Why Audrey Hepburn’s only R-rated movie made Roger Ebert incandescent with rage: “weep for the cinema”

No actor with more than a handful of credits to their name manages to escape Hollywood without a few duds in their filmography. Even those whose careers have been celebrated, rewatched, dissected, and reframed countless times are susceptible. Most of us think of Audrey Hepburn as the effervescent screen presence who lit up such classics as Roman Holiday, Breakfast at Tiffany’s, and Charade, but she made over two dozen screen appearances in her life, and some of them were decidedly beneath her.

Hepburn rocketed to fame in 1953 after her starring role in William Wyler’s Roman Holiday and was one of Hollywood’s biggest stars for more than a decade. But in the late 1960s, she left the US and quietly retired from acting. Between 1968 and her death in 1993, she only made four feature films, none of which reached the heights of her early work. 

Her reasons for coming out of retirement were different for each film, but it is still perplexing that she chose to appear in the 1979 thriller Bloodline. Directed by Terence Young, it follows a pharmaceutical heiress (Hepburn) who a mysterious killer targets after her father dies under strange circumstances. Meanwhile, a murderer is killing young women in snuff films. It is based on Sidney Sheldon’s novel of the same name, the rights of which were purchased by the producers for a record $1.25million before it was even released.
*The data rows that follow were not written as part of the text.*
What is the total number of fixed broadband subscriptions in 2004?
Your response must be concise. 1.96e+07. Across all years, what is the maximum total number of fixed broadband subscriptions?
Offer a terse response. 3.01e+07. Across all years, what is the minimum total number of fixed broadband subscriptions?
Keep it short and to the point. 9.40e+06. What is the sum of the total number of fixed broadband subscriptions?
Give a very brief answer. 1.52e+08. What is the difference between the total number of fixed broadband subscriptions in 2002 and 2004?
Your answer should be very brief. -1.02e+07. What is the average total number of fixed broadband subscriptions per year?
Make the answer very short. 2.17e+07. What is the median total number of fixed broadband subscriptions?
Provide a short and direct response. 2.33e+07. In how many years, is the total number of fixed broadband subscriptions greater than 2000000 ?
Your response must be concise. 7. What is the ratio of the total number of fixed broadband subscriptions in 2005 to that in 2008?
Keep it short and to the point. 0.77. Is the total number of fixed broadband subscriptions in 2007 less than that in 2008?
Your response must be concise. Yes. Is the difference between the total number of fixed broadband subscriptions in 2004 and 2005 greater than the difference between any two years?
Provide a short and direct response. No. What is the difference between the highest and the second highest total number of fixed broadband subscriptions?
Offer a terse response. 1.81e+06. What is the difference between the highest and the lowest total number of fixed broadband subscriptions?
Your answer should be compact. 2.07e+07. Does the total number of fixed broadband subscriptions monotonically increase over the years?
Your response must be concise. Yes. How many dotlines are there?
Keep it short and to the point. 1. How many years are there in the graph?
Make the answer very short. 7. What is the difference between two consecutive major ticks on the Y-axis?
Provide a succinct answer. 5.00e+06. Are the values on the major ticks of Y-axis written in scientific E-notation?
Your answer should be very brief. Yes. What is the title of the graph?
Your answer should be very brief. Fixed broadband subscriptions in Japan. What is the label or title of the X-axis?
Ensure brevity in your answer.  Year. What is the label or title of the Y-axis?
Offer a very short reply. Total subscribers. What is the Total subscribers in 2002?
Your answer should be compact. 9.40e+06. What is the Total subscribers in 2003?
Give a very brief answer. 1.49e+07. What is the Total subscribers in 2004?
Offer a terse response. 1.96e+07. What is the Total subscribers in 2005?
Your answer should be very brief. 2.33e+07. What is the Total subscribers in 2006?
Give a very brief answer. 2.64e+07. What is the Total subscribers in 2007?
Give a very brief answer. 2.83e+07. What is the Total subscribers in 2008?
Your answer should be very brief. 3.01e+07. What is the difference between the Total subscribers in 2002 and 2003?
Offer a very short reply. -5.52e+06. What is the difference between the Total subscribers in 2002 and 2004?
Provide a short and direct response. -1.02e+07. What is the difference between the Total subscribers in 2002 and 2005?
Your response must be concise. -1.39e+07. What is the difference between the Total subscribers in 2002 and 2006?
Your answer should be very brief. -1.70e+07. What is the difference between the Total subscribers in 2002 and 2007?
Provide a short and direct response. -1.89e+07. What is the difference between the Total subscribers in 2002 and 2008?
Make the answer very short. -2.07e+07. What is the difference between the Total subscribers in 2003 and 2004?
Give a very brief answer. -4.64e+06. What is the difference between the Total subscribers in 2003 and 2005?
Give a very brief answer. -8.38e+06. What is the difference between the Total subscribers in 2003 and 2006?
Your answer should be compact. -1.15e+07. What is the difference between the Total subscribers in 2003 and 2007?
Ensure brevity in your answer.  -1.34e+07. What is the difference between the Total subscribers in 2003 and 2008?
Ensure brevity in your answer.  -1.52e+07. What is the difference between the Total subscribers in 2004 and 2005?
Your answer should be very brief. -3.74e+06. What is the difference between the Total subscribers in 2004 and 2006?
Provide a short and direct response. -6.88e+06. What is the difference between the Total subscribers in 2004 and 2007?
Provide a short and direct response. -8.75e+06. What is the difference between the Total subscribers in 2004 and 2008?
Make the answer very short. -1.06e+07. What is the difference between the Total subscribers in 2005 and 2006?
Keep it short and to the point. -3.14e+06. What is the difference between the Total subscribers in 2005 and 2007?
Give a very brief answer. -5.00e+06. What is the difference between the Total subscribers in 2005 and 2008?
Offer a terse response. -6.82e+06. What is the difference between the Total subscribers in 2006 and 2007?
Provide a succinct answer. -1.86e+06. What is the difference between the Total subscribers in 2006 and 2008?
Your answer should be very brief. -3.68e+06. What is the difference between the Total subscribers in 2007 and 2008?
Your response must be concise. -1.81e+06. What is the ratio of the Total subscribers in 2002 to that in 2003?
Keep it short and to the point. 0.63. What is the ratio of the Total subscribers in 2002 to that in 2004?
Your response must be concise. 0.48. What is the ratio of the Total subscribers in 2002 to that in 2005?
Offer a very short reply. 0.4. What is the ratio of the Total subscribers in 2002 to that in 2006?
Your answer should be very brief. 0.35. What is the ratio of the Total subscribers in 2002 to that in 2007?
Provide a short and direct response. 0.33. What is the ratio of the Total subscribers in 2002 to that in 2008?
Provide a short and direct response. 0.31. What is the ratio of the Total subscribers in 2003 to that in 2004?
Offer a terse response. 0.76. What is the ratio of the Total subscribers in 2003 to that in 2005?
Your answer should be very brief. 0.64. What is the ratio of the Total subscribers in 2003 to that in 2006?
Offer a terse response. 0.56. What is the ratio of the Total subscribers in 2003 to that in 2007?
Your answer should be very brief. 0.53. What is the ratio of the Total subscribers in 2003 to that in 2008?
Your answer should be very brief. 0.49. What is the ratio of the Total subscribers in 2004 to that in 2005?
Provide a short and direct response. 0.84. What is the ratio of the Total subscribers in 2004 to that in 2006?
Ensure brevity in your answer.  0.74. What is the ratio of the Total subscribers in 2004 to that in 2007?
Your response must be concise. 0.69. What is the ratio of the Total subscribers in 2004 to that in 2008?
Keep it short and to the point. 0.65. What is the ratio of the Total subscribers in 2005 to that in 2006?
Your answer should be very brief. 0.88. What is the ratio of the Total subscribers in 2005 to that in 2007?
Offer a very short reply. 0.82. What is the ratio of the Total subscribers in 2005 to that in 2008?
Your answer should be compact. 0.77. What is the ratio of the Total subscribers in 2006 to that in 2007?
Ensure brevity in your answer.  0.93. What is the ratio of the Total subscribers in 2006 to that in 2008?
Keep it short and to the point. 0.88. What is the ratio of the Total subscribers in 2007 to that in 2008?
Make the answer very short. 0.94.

Young, who also directed Dr No, From Russia with Love, and Thunderball, had already collaborated with Hepburn in the film she made just before her retirement, Wait Until Dark. Given the success of that film, it is easier to comprehend why Hepburn was willing to be coaxed out of retirement to work with the filmmaker again, but the fact that she turned him down when he first approached her with Bloodline is a testament to how truly shockingly terrible the script is. Despite a supporting cast of James Mason, Ben Gazzara, and Michelle Phillips, it was a trainwreck from start to finish.

In his review of the movie, film critic Roger Ebert was characteristically eloquent. “After six months, a week, and two days of suspense, we can now relax,” he wrote. “The worst movie of 1979 has opened.” After advising people to keep well away from it, he changed his mind. “On second thought, I’m not recommending that you avoid it,” he wrote, “See Sidney Sheldon’s Bloodline, and weep for the cinema.”

Ebert wasn’t just being a snobby film critic. Bloodline was not a hit. Despite Hepburn’s return to the screen and the shamelessly smutty storyline, it only made $8 million at the box office off of a $12 million budget. Still, Ebert had no sympathy for the author who walked away with $1.25 million before a word of his manuscript had been read. “Sheldon,” he wrote, “Is laughing all the way to the remedial writing class.”

Hepburn only made two films after Bloodline, and although neither of them was close to a masterpiece, they were infinitely better than Young’s ill-conceived pharmaceutical thriller. 1981’s They All Laughed was a satire about infidelity directed by Peter Bogdanovich, while 1989’s Always was a romantic drama about an angel directed by Steven Spielberg.